== Segment start ==

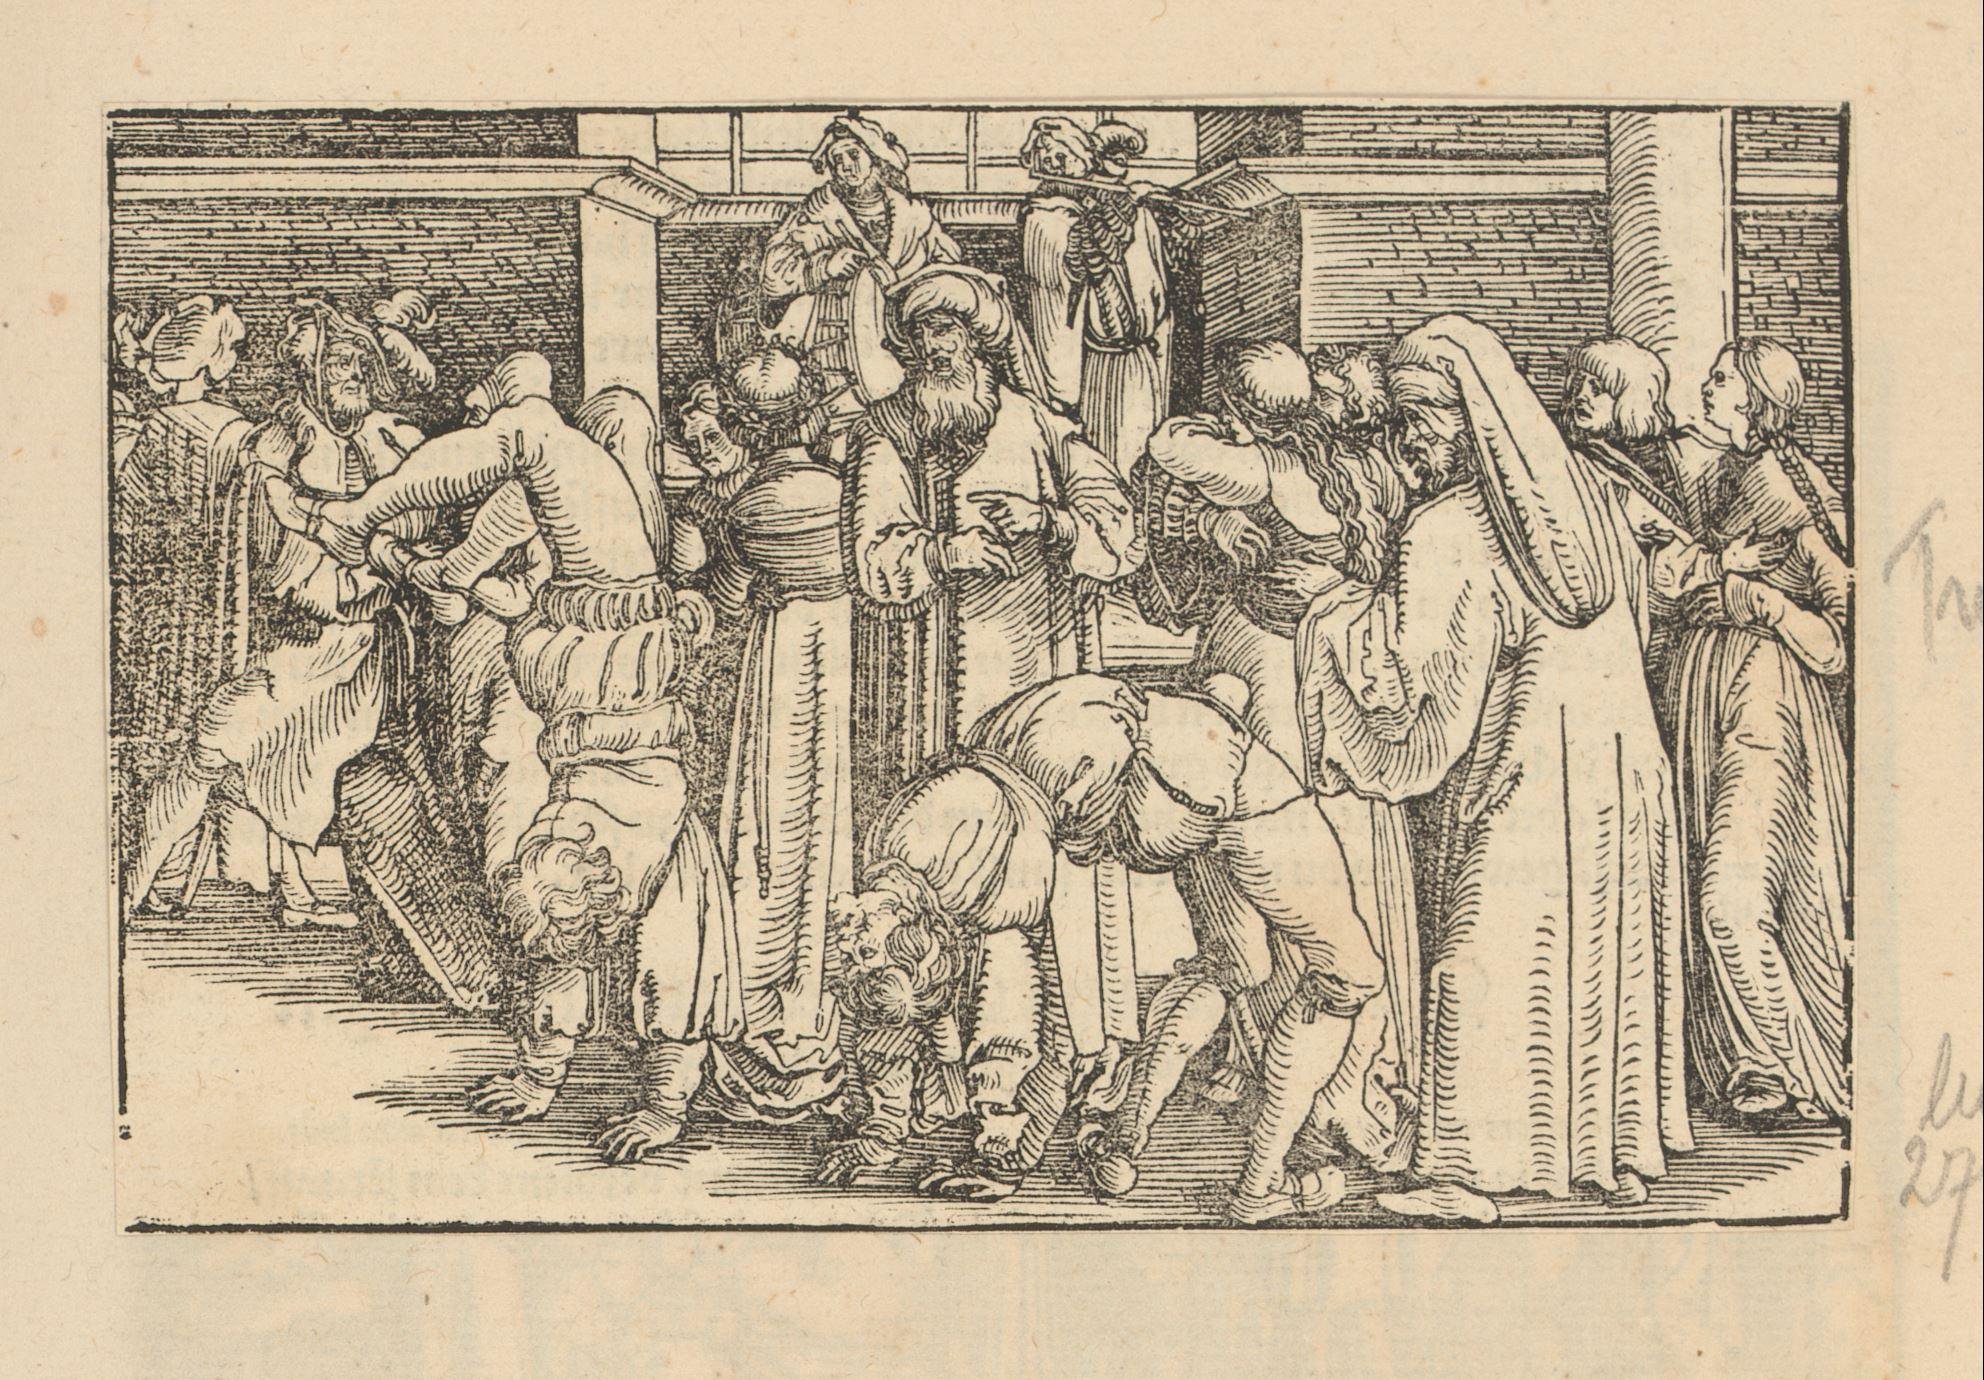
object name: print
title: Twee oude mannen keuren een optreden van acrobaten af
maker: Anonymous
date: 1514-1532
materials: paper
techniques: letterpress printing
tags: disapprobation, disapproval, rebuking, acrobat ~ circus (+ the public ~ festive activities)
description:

== Segment end ==

Copy exactly the line that contains "title: Twee oude" and every line after it, up to and including the last line of the records.

title: Twee oude mannen keuren een optreden van acrobaten af
maker: Anonymous
date: 1514-1532
materials: paper
techniques: letterpress printing
tags: disapprobation, disapproval, rebuking, acrobat ~ circus (+ the public ~ festive activities)
description:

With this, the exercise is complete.